Question: How do you evaluate the definite integral \[\int {\dfrac{{2x}}{{\sqrt {{x^2} - 1} }}} dx\] from \[1\...

Question

How do you evaluate the definite integral $\int {\dfrac{{2x}}{{\sqrt {{x^2} - 1} }}} dx$ from $1$ to $\sqrt 5$ ?

Answer 1

Solution

Hint : We have to find the definite integral of $\int {\dfrac{{2x}}{{\sqrt {{x^2} - 1} }}} dx$ from $1$ to $\sqrt 5$ i.e., $\int\limits_1^{\sqrt 5 } {\dfrac{{2x}}{{\sqrt {{x^2} - 1} }}} dx$ . For this we will use the substitution method. We will substitute ${x^2} - 1$ by $u$ and then by using the basic integration formula we will integrate it to find the result. In the final result substitute the original variable back before putting the limits else solution will be wrong.

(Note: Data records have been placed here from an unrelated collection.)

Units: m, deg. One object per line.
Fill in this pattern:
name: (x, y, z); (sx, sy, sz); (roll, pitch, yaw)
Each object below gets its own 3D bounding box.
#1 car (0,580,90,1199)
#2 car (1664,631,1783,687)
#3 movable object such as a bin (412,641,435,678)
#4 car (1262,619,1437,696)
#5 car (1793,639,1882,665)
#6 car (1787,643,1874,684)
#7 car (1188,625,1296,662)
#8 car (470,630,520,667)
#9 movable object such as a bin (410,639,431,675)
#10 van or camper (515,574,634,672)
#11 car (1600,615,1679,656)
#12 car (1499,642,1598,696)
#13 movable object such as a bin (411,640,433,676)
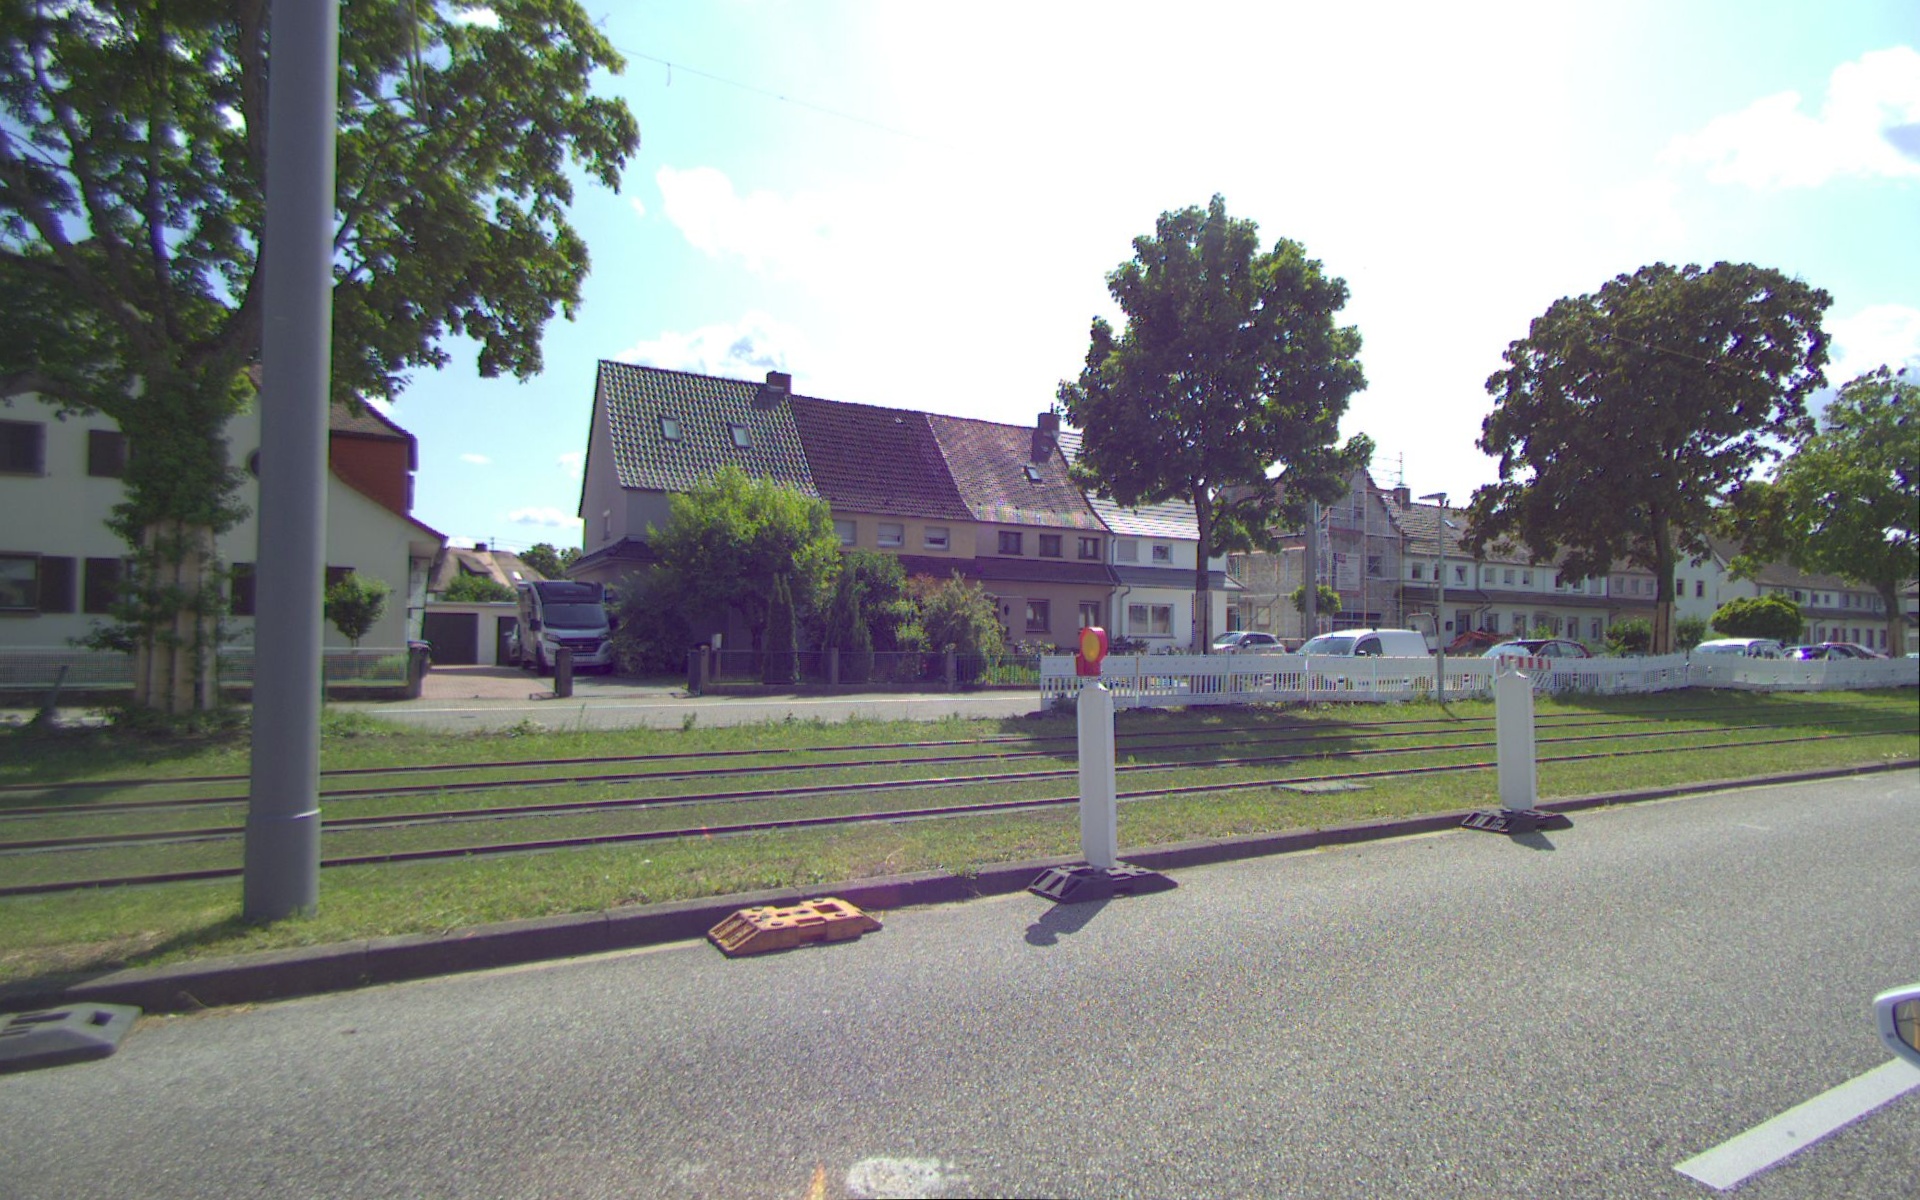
car: (-3.504, 0.648, 1.003); (3.675, 1.488, 1.571); (2, -2, -29)
car: (24.366, 1.898, 32.035); (3.852, 1.673, 1.616); (3, -3, -29)
movable object such as a bin: (-13.484, 1.494, 25.249); (0.453, 0.879, 0.471); (2, 0, -30)
car: (8.968, 1.330, 23.084); (3.953, 1.647, 1.646); (3, -3, -29)
car: (55.689, 3.270, 63.821); (1.705, 1.529, 3.968); (2, -2, -29)
car: (30.622, 2.234, 35.335); (3.077, 1.395, 1.344); (3, -3, -29)
car: (10.731, 1.655, 38.171); (4.071, 1.291, 1.527); (3, -3, -29)
car: (-17.154, 1.771, 37.022); (1.330, 1.189, 2.847); (3, 0, -32)
movable object such as a bin: (-13.984, 1.479, 26.039); (0.453, 0.879, 0.471); (2, 0, -30)
van or camper: (-11.926, 0.632, 30.733); (2.470, 2.667, 6.305); (3, 0, -29)
car: (37.116, 1.940, 54.845); (3.953, 2.040, 1.984); (3, 0, -30)
car: (15.416, 1.797, 26.307); (2.416, 1.365, 1.069); (2, -3, -26)
movable object such as a bin: (-13.735, 1.486, 25.646); (0.453, 0.879, 0.471); (2, 0, -30)

Complete step-by-step answer :
Definite integrals are those integrals which have limit of integration i.e., upper limit and lower limit. It has two different values for upper limit and lower limit when they are evaluated.
We have to evaluate the definite integral $\int {\dfrac{{2x}}{{\sqrt {{x^2} - 1} }}} dx$ from $1$ to $\sqrt 5$ . We can also write it as $\int\limits_1^{\sqrt 5 } {\dfrac{{2x}}{{\sqrt {{x^2} - 1} }}} dx$ .
Let $I = \int {\dfrac{{2x}}{{\sqrt {{x^2} - 1} }}} dx - - - (1)$ .
We can make this integration easier by using some substitution. We will substitute ${x^2} - 1$ by $u$ .
Let ${x^2} - 1 = u$
On differentiating with respect to $x$ , we get
$\Rightarrow 2x = \dfrac{{du}}{{dx}}$
On rearranging, we get
$\Rightarrow du = 2xdx$
On substitution $(1)$ becomes,
$I = \int {\dfrac{{du}}{{\sqrt u }}}$
On rewriting we get
$I = \int {{u^{\dfrac{{ - 1}}{2}}}du}$
On integration we get
$I = \dfrac{{{u^{\dfrac{{ - 1}}{2} + 1}}}}{{\left( {\dfrac{{ - 1}}{2} + 1} \right)}}$
On simplification we get
$I = 2\sqrt u$
Putting $u = {x^2} - 1$ , we get
$I = 2\left( {\sqrt {{x^2} - 1} } \right)$
Putting the upper of $\sqrt 5$ and lower limit of $1$ , we get
$\Rightarrow \int\limits_1^{\sqrt 5 } {\dfrac{{2x}}{{\sqrt {{x^2} - 1} }}} dx = 2\left[ {\sqrt {{{\left( {\sqrt 5 } \right)}^2} - 1} - \sqrt {{{\left( {\sqrt 1 } \right)}^2} - 1} } \right]$
On simplification we get
$\Rightarrow \int\limits_1^{\sqrt 5 } {\dfrac{{2x}}{{\sqrt {{x^2} - 1} }}} dx = 2\left[ {\left( {\sqrt {5 - 1} } \right) - \left( {\sqrt {1 - 1} } \right)} \right]$
On further simplification we get
$\Rightarrow \int\limits_1^{\sqrt 5 } {\dfrac{{2x}}{{\sqrt {{x^2} - 1} }}} dx = 2\left[ {\left( {\sqrt {{{\left( 2 \right)}^2}} } \right) - 0} \right]$
On simplifying the term in the bracket, we get
$\Rightarrow \int\limits_1^{\sqrt 5 } {\dfrac{{2x}}{{\sqrt {{x^2} - 1} }}} dx = 2 \times 2$
On simplification, we get
$\Rightarrow \int\limits_1^{\sqrt 5 } {\dfrac{{2x}}{{\sqrt {{x^2} - 1} }}} dx = 4$
Therefore, the value of the given definite integral $\int\limits_1^{\sqrt 5 } {\dfrac{{2x}}{{\sqrt {{x^2} - 1} }}} dx = 4$ .

Note : In definite integrals, upper and lower limits are given so after integration we just get a number whereas in indefinite integrals, we just integrate a function and add an arbitrary constant. The final value of a definite integral is the value of integral for the upper limit minus value of the integral for the lower limit.